If a doctor suspects that you have high blood pressure or are already diagnosed, you may be considering purchasing a wrist or arm monitor. Taking a blood pressure measurement at home can help your doctor determine if your blood pressure medication is working well or if there needs to be a change. Blood pressure monitors can be important tools to help you keep track of your blood pressure changes throughout the day.
To take your blood pressure at home, you can use a hand or wrist monitor. A cuff around the arm is inflated by hand, while a wrist monitor is normally battery operated and automatically inflates with the touch of a button.
It is important to check whatever unit you choose for accuracy. You can take it to your doctor's office and check it against the nurse or physician's reading. Monitors can be complicated to use and can be damaged easily, which will affect the accuracy.

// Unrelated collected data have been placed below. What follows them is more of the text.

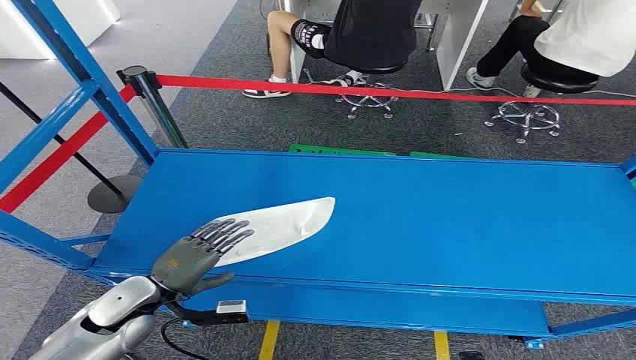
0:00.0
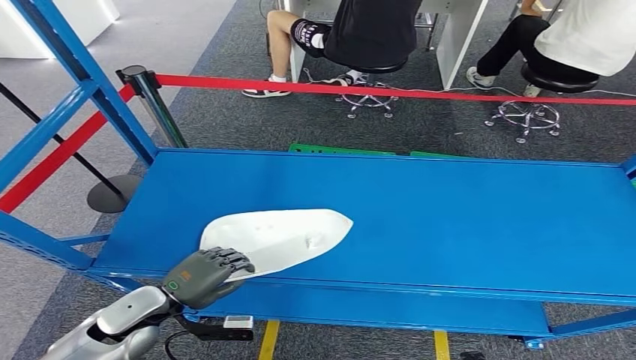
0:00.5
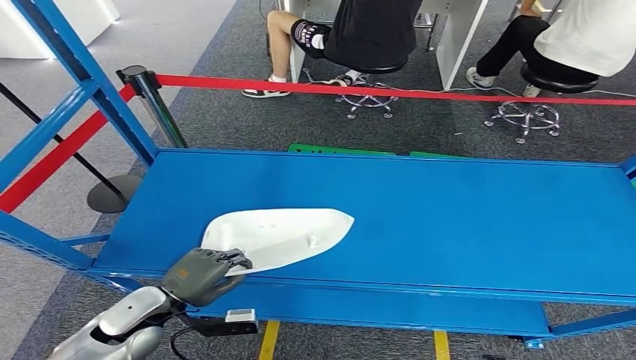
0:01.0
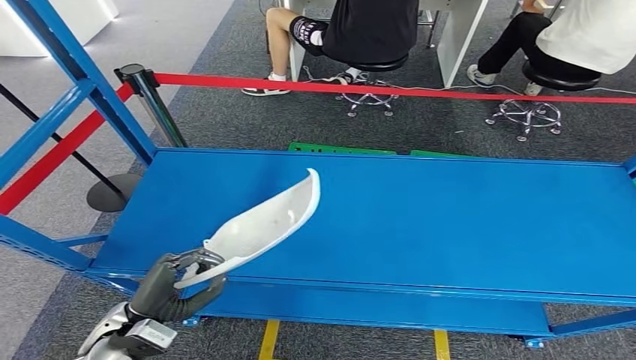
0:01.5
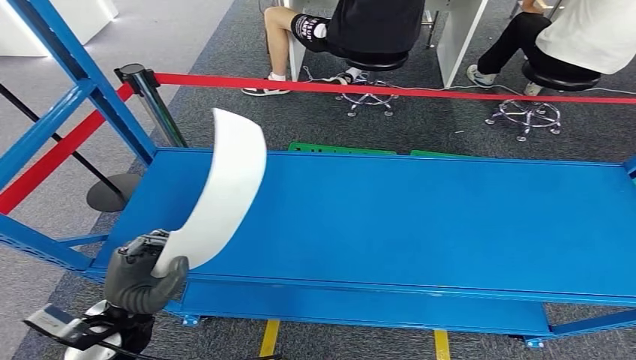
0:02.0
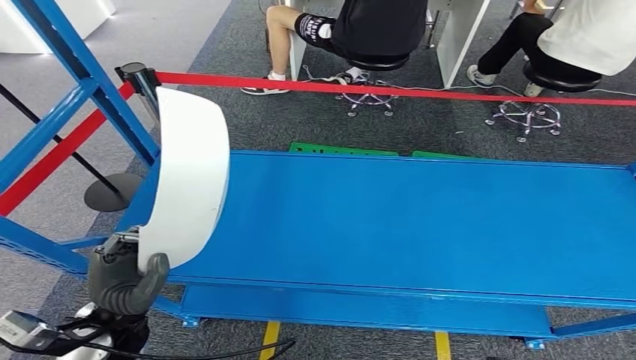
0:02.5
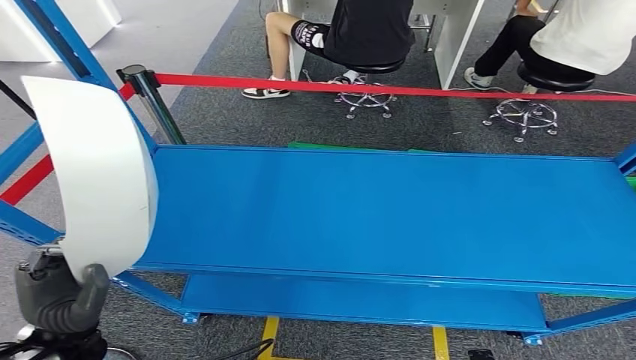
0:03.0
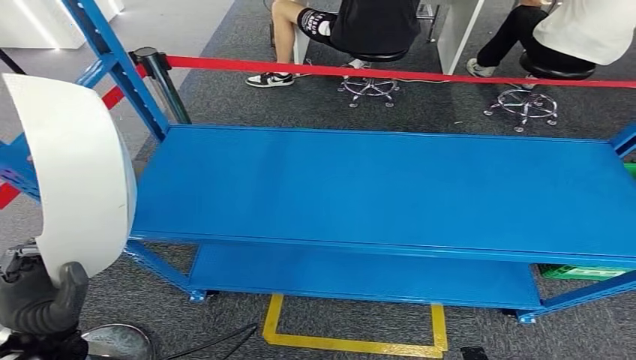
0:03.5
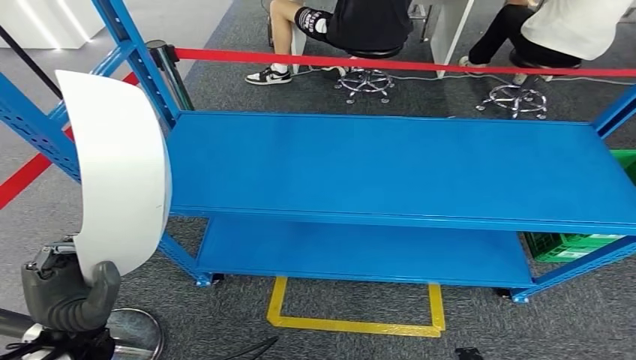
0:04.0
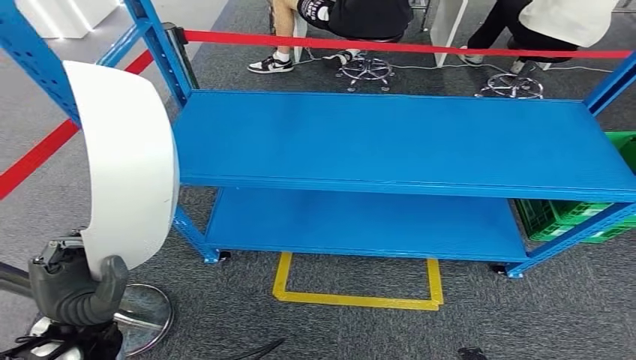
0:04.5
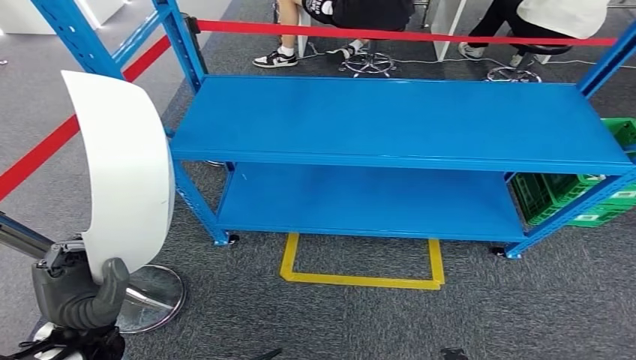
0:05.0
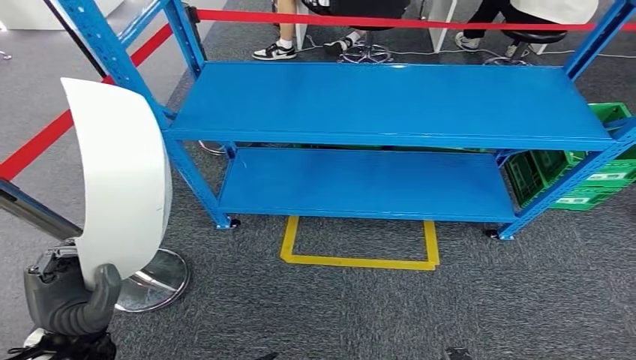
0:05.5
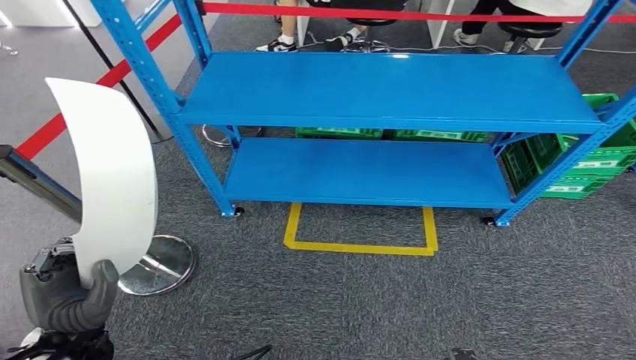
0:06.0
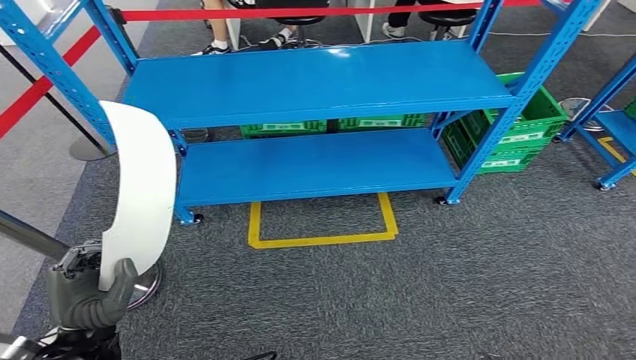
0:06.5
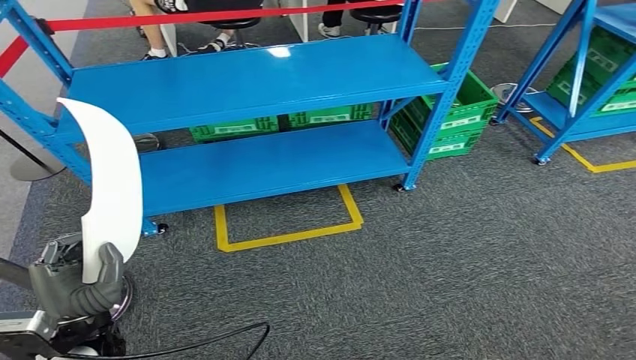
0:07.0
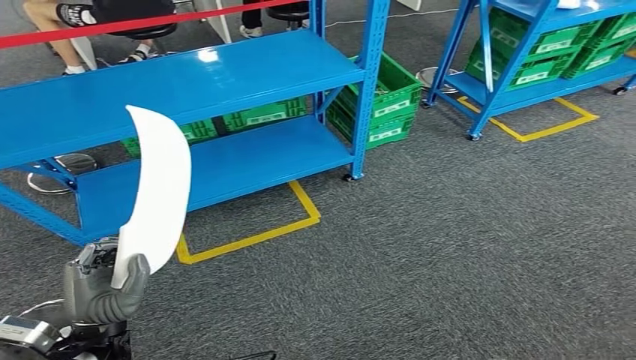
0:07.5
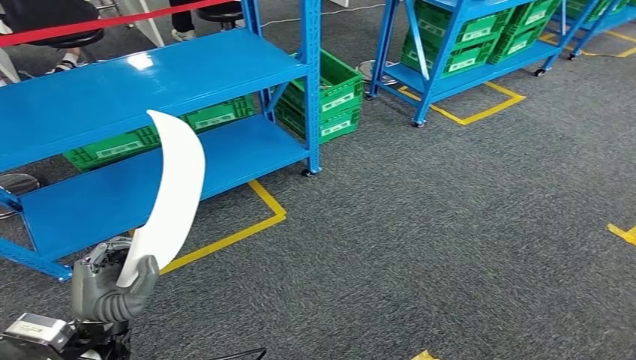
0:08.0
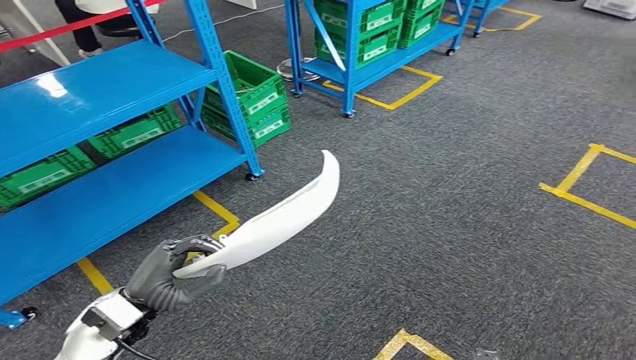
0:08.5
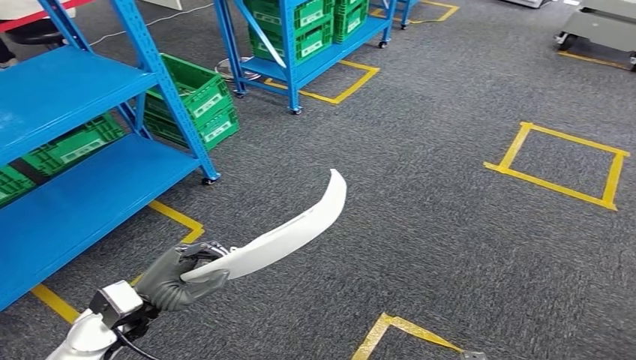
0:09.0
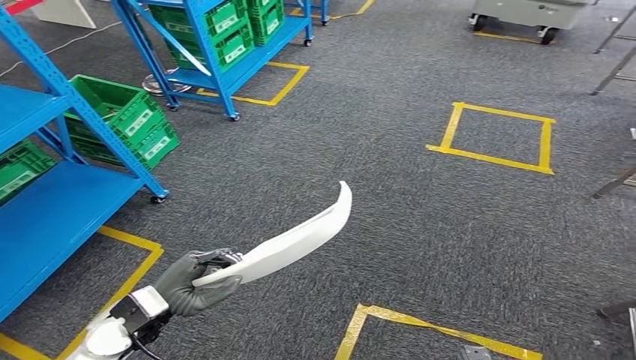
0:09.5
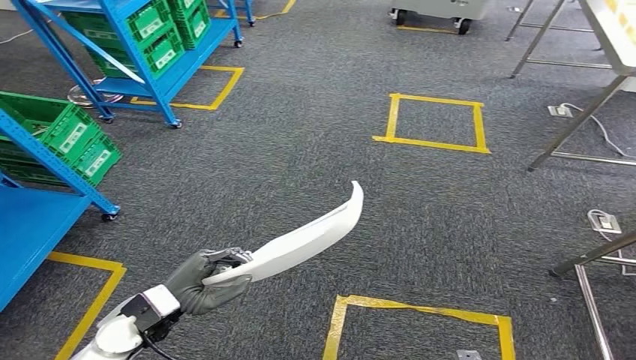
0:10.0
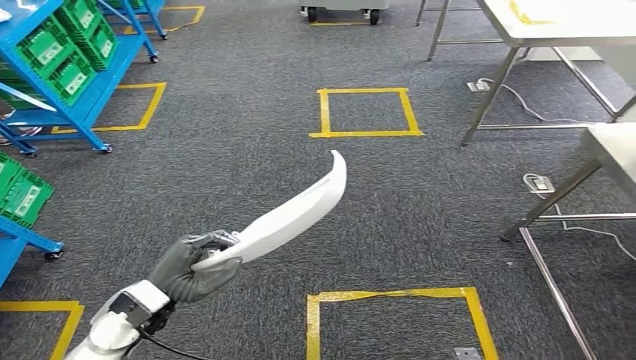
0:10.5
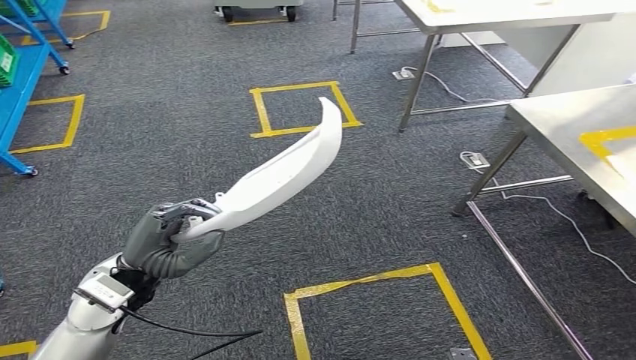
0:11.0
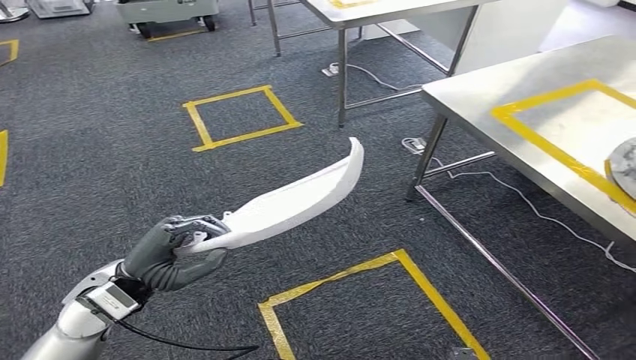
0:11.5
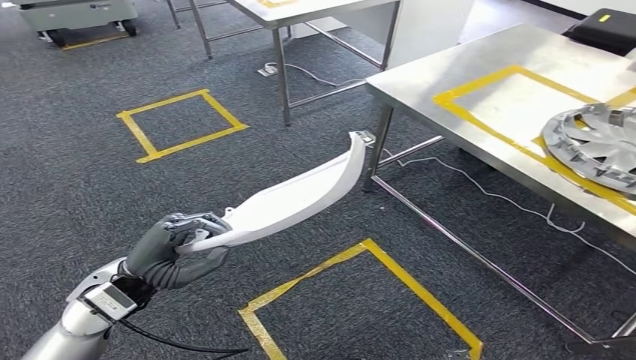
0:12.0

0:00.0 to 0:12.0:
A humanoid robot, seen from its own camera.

To prmote accuracy, keep the hand or arm that you are using for the reading at the same level as your heart. The American heart Association makes the recommendation that your elbow be kept at a 45 degree angle when taking your blood pressure. It is also important to always use the same arm when taking your blood pressure to maintain consistency.
Pros and Cons
The wrist monitor is a digital blood pressure monitor solution and shows the readings or numbers on the screen. The wrist monitor has become more popular because of the ease of use and some even have the ability to keep track of readings over the period of a few weeks, storing information or print out blood pressure readings. Digital monitors also have an error indication that can help you determine if there is a problem with the reading. The drawback of digital wrist monitors is that accuracy can change because of body movement or even an irregular heart rate.
When purchasing a blood pressure monitor, it is important to ask the doctor, nurse or pharmacist to help you determine what cuff size you will need. If you do not have the right size, your blood pressure measurements may be wrong. Make sure that the print or display of numbers will be easy for you to read.
Normal blood pressure is 120/80, while high blood pressure is 140/90 and higher. If your measurements are in between these two amounts, than you may have what is called pre-hypertension, which means that you are at risk for developing high blood pressure. If you have low blood pressure, or hypotension your reading may be below 90.
For an arm monitor, you can begin by placing the stethoscope on your ears and then put the stethoscope on the inner portion of the elbow. You should then pump the cuff, inflating it approximately thirty or forty points above the most recent systolic reading. This should be done rapidly, as if it is inflated slowly, it can cause an inaccurate reading. Slowly release the valve to let air leave the cuff and deflate by two or three mm per sec. If too much air is released, the reading will not be accurate. As you let the air out, you should begin to hear your heartbeat. The pressure reading or number on the dial is the systolic pressure. Continue deflating the cuff. When the sound of your heartbeat stops, look at the dial. The number that the line is at when you cannot hear your heartbeat is the diastolic pressure. Keep track of your measurement, putting the systolic amount before the diastolic, such as 161/114 or 120/80.
A digital monitor does not require the use of a stethoscope. You should begin by putting the monitor around your wrist, power on and press start. Most models will inflate on it's own, but there are semi-automatic models that will require that you squeeze a rubber bulb to inflate. When the cuff is properly inflated, it will begin to reduce the pressure of the cuff, displaying your reading, with both the systolic and diastolic reading. Write down these numbers and turn the unit off.